- _Work to be completed_:
When the data below is printed, every line must match exactly and the images must be absent.

#####

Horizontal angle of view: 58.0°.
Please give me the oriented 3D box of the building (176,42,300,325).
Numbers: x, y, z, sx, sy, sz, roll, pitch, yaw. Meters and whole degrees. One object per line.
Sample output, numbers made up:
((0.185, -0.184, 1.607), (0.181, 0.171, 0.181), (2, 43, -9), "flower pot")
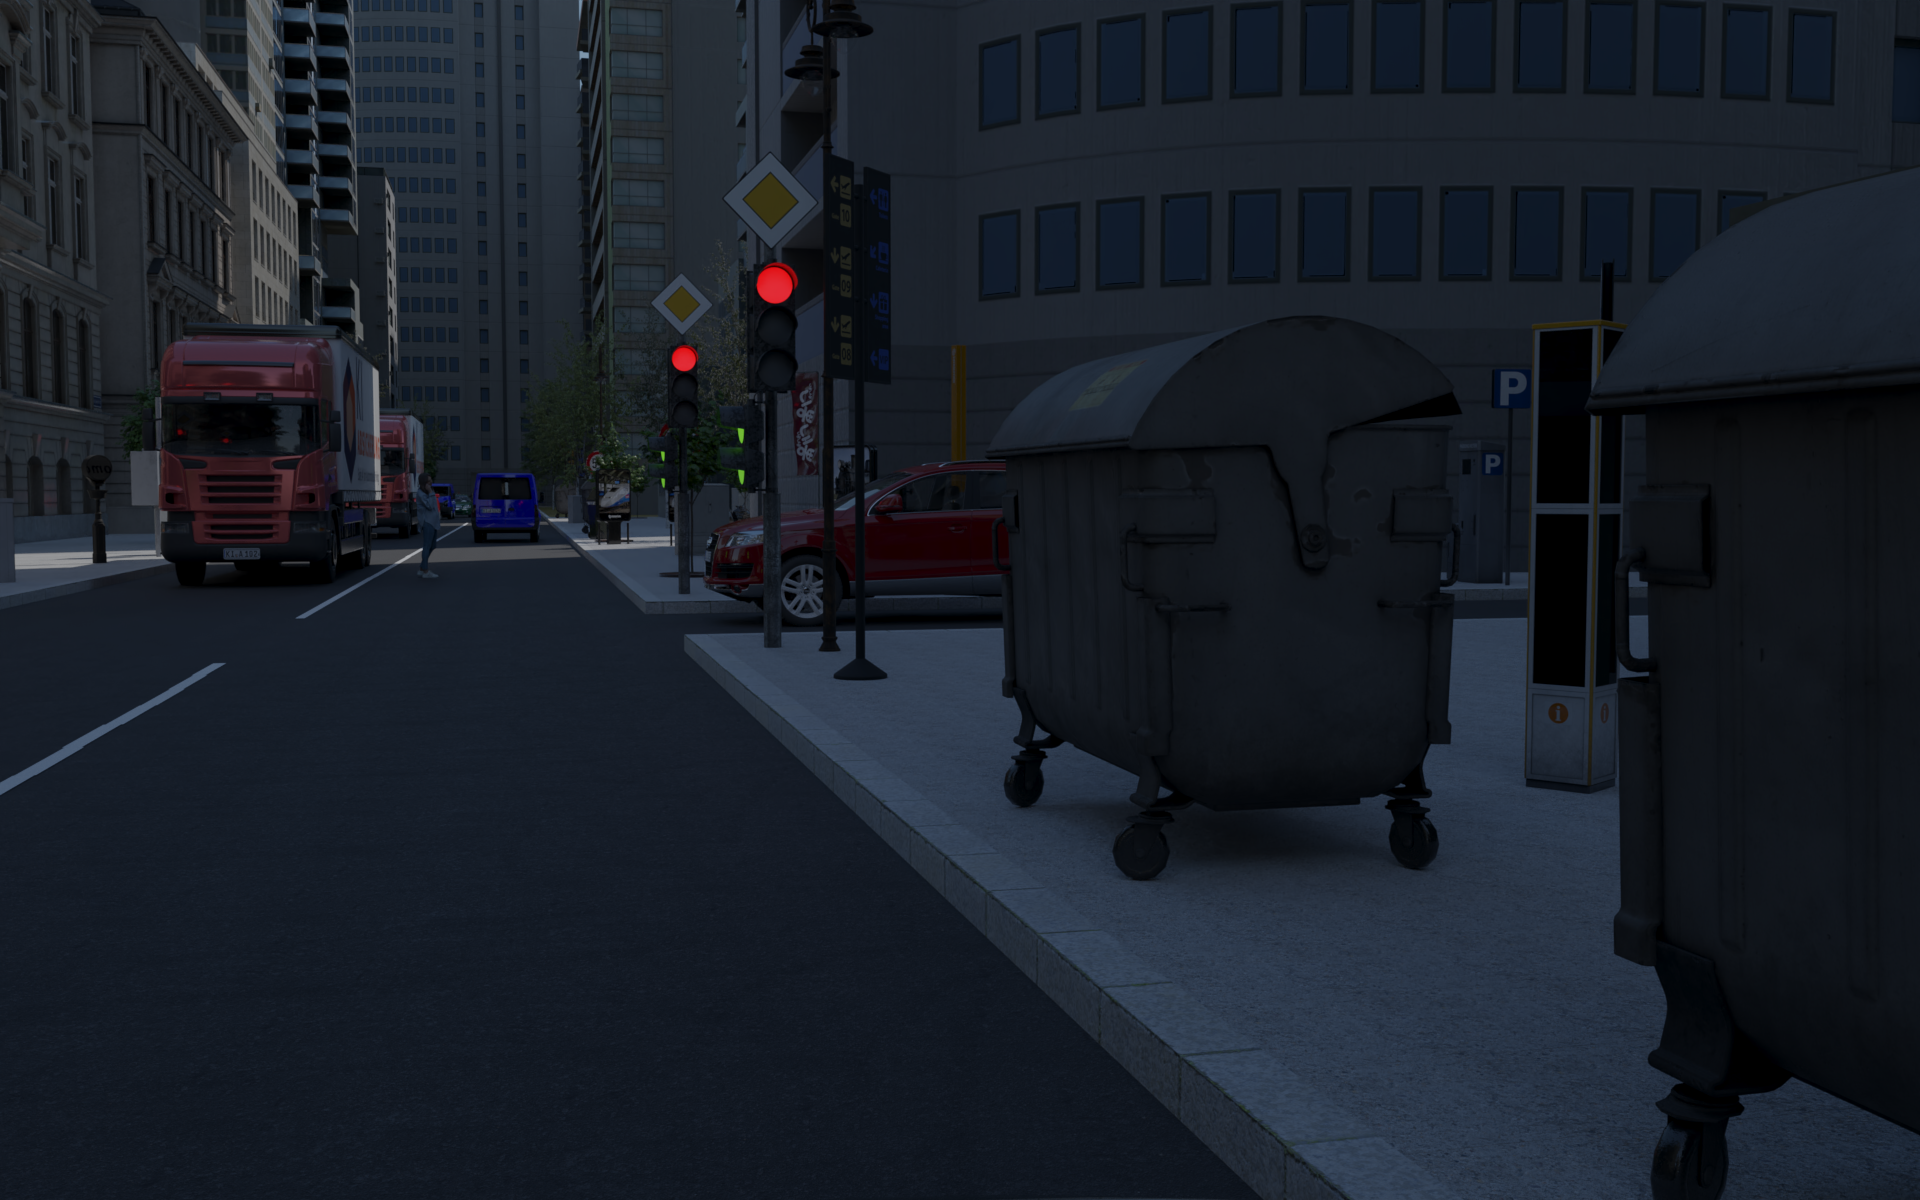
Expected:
((-37.449, -13.845, 81.115), (10.420, 20.320, 16.860), (-1, 4, -14), "building")

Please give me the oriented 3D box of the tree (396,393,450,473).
((-39.925, -10.820, 127.268), (4.737, 8.622, 4.395), (0, 3, 0), "tree")

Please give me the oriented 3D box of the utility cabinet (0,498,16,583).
((-14.070, -0.831, 24.754), (0.306, 1.237, 1.020), (2, 4, 25), "utility cabinet")

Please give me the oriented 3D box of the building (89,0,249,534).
((-32.749, -12.126, 62.894), (10.561, 19.102, 19.286), (-1, 4, -14), "building")

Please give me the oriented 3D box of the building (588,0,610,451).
((-16.423, -30.961, 129.917), (21.300, 48.544, 21.600), (-1, 4, -14), "building")

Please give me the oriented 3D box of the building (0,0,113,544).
((-27.590, -13.270, 36.048), (14.460, 24.649, 34.723), (-1, 4, -14), "building")

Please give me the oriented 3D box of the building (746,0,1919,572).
((10.464, -30.288, 37.206), (28.212, 58.520, 21.231), (-1, 4, -14), "building")

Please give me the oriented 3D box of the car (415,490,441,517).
((-26.046, -4.539, 82.893), (2.281, 1.827, 5.304), (-1, 4, -13), "car")

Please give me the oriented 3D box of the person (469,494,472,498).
((-35.013, -7.117, 125.002), (1.348, 1.807, 0.705), (0, 4, -2), "person")

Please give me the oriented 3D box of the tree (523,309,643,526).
((-14.880, -7.299, 69.708), (4.737, 8.622, 4.395), (0, 3, 0), "tree")

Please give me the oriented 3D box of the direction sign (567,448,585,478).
((-18.899, -5.711, 85.378), (0.876, 3.537, 0.379), (0, 4, 6), "direction sign")

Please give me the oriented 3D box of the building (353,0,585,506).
((-55.264, -39.383, 185.910), (28.212, 58.520, 21.231), (-1, 4, -14), "building")

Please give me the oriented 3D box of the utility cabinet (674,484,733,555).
((-5.387, -1.685, 36.230), (1.173, 1.500, 0.318), (-3, 5, -41), "utility cabinet")

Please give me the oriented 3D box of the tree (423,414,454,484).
((-48.497, -12.723, 158.386), (4.360, 8.622, 3.978), (0, 3, 0), "tree")

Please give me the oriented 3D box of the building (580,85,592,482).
((-33.772, -32.889, 187.839), (14.200, 45.320, 14.600), (-1, 4, -14), "building")

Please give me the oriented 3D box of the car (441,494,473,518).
((-30.911, -5.795, 106.551), (2.131, 1.459, 4.920), (-1, 4, -14), "car")

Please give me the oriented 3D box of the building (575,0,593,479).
((-22.671, -30.599, 154.923), (22.147, 44.769, 28.867), (-1, 4, -14), "building")

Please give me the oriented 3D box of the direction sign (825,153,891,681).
((-0.694, -1.222, 11.984), (0.379, 3.537, 0.876), (2, 4, 26), "direction sign")

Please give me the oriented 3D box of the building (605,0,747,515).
((-15.709, -26.193, 111.856), (14.154, 41.232, 14.086), (-1, 4, -14), "building")

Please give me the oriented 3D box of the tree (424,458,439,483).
((-42.053, -9.202, 134.167), (4.285, 4.588, 4.351), (0, 3, 0), "tree")

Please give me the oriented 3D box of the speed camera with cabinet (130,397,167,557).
((-16.587, -2.557, 36.145), (0.660, 3.252, 2.038), (0, 4, -2), "speed camera with cabinet")

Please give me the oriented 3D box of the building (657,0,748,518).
((-2.285, -47.068, 82.233), (22.319, 86.520, 31.000), (-1, 4, -14), "building")

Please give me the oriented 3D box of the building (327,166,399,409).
((-57.522, -23.382, 153.989), (14.107, 30.474, 14.160), (-1, 4, -14), "building")

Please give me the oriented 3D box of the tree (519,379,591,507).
((-39.641, -15.438, 170.540), (7.486, 12.596, 7.792), (0, 3, 0), "tree")

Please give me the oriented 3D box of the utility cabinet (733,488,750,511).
((-7.960, -3.360, 63.619), (0.318, 1.500, 1.173), (1, 4, 21), "utility cabinet")

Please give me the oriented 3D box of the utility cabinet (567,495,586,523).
((-16.869, -3.981, 76.243), (0.306, 1.237, 1.020), (1, 4, 19), "utility cabinet")

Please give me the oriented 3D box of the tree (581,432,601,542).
((-9.397, -3.167, 46.374), (1.663, 3.219, 1.824), (0, 3, 0), "tree")

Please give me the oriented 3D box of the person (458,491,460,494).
((-43.701, -8.656, 150.958), (0.756, 1.711, 0.436), (1, 4, 19), "person")

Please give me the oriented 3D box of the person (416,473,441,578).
((-9.137, -1.278, 29.662), (0.793, 1.790, 0.793), (-3, 4, -36), "person")

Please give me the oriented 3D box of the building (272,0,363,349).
((-55.286, -49.791, 126.746), (22.319, 86.520, 31.000), (-1, 4, -14), "building")

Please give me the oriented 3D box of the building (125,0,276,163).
((-53.286, -24.954, 99.871), (32.217, 40.220, 23.993), (-1, 4, -14), "building")

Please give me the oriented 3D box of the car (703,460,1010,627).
((-0.294, -0.692, 19.980), (5.304, 1.827, 2.281), (-1, 4, -14), "car")

#####

- _Result of this exercise_:
Horizontal angle of view: 58.0°.
Please give me the oriented 3D box of the building (176,42,300,325).
Numbers: x, y, z, sx, sy, sz, roll, pitch, yaw. Meters and whole degrees. One object per line.
Sample output, numbers made up:
((0.185, -0.184, 1.607), (0.181, 0.171, 0.181), (2, 43, -9), "flower pot")
Expected:
((-37.449, -13.845, 81.115), (10.420, 20.320, 16.860), (-1, 4, -14), "building")

Please give me the oriented 3D box of the tree (396,393,450,473).
((-39.925, -10.820, 127.268), (4.737, 8.622, 4.395), (0, 3, 0), "tree")

Please give me the oriented 3D box of the utility cabinet (0,498,16,583).
((-14.070, -0.831, 24.754), (0.306, 1.237, 1.020), (2, 4, 25), "utility cabinet")

Please give me the oriented 3D box of the building (89,0,249,534).
((-32.749, -12.126, 62.894), (10.561, 19.102, 19.286), (-1, 4, -14), "building")

Please give me the oriented 3D box of the building (588,0,610,451).
((-16.423, -30.961, 129.917), (21.300, 48.544, 21.600), (-1, 4, -14), "building")

Please give me the oriented 3D box of the building (0,0,113,544).
((-27.590, -13.270, 36.048), (14.460, 24.649, 34.723), (-1, 4, -14), "building")

Please give me the oriented 3D box of the building (746,0,1919,572).
((10.464, -30.288, 37.206), (28.212, 58.520, 21.231), (-1, 4, -14), "building")

Please give me the oriented 3D box of the car (415,490,441,517).
((-26.046, -4.539, 82.893), (2.281, 1.827, 5.304), (-1, 4, -13), "car")

Please give me the oriented 3D box of the person (469,494,472,498).
((-35.013, -7.117, 125.002), (1.348, 1.807, 0.705), (0, 4, -2), "person")

Please give me the oriented 3D box of the tree (523,309,643,526).
((-14.880, -7.299, 69.708), (4.737, 8.622, 4.395), (0, 3, 0), "tree")

Please give me the oriented 3D box of the direction sign (567,448,585,478).
((-18.899, -5.711, 85.378), (0.876, 3.537, 0.379), (0, 4, 6), "direction sign")

Please give me the oriented 3D box of the building (353,0,585,506).
((-55.264, -39.383, 185.910), (28.212, 58.520, 21.231), (-1, 4, -14), "building")

Please give me the oriented 3D box of the utility cabinet (674,484,733,555).
((-5.387, -1.685, 36.230), (1.173, 1.500, 0.318), (-3, 5, -41), "utility cabinet")

Please give me the oriented 3D box of the tree (423,414,454,484).
((-48.497, -12.723, 158.386), (4.360, 8.622, 3.978), (0, 3, 0), "tree")

Please give me the oriented 3D box of the building (580,85,592,482).
((-33.772, -32.889, 187.839), (14.200, 45.320, 14.600), (-1, 4, -14), "building")

Please give me the oriented 3D box of the car (441,494,473,518).
((-30.911, -5.795, 106.551), (2.131, 1.459, 4.920), (-1, 4, -14), "car")

Please give me the oriented 3D box of the building (575,0,593,479).
((-22.671, -30.599, 154.923), (22.147, 44.769, 28.867), (-1, 4, -14), "building")

Please give me the oriented 3D box of the direction sign (825,153,891,681).
((-0.694, -1.222, 11.984), (0.379, 3.537, 0.876), (2, 4, 26), "direction sign")

Please give me the oriented 3D box of the building (605,0,747,515).
((-15.709, -26.193, 111.856), (14.154, 41.232, 14.086), (-1, 4, -14), "building")

Please give me the oriented 3D box of the tree (424,458,439,483).
((-42.053, -9.202, 134.167), (4.285, 4.588, 4.351), (0, 3, 0), "tree")

Please give me the oriented 3D box of the speed camera with cabinet (130,397,167,557).
((-16.587, -2.557, 36.145), (0.660, 3.252, 2.038), (0, 4, -2), "speed camera with cabinet")

Please give me the oriented 3D box of the building (657,0,748,518).
((-2.285, -47.068, 82.233), (22.319, 86.520, 31.000), (-1, 4, -14), "building")

Please give me the oriented 3D box of the building (327,166,399,409).
((-57.522, -23.382, 153.989), (14.107, 30.474, 14.160), (-1, 4, -14), "building")

Please give me the oriented 3D box of the tree (519,379,591,507).
((-39.641, -15.438, 170.540), (7.486, 12.596, 7.792), (0, 3, 0), "tree")

Please give me the oriented 3D box of the utility cabinet (733,488,750,511).
((-7.960, -3.360, 63.619), (0.318, 1.500, 1.173), (1, 4, 21), "utility cabinet")

Please give me the oriented 3D box of the utility cabinet (567,495,586,523).
((-16.869, -3.981, 76.243), (0.306, 1.237, 1.020), (1, 4, 19), "utility cabinet")

Please give me the oriented 3D box of the tree (581,432,601,542).
((-9.397, -3.167, 46.374), (1.663, 3.219, 1.824), (0, 3, 0), "tree")

Please give me the oriented 3D box of the person (458,491,460,494).
((-43.701, -8.656, 150.958), (0.756, 1.711, 0.436), (1, 4, 19), "person")

Please give me the oriented 3D box of the person (416,473,441,578).
((-9.137, -1.278, 29.662), (0.793, 1.790, 0.793), (-3, 4, -36), "person")

Please give me the oriented 3D box of the building (272,0,363,349).
((-55.286, -49.791, 126.746), (22.319, 86.520, 31.000), (-1, 4, -14), "building")

Please give me the oriented 3D box of the building (125,0,276,163).
((-53.286, -24.954, 99.871), (32.217, 40.220, 23.993), (-1, 4, -14), "building")

Please give me the oriented 3D box of the car (703,460,1010,627).
((-0.294, -0.692, 19.980), (5.304, 1.827, 2.281), (-1, 4, -14), "car")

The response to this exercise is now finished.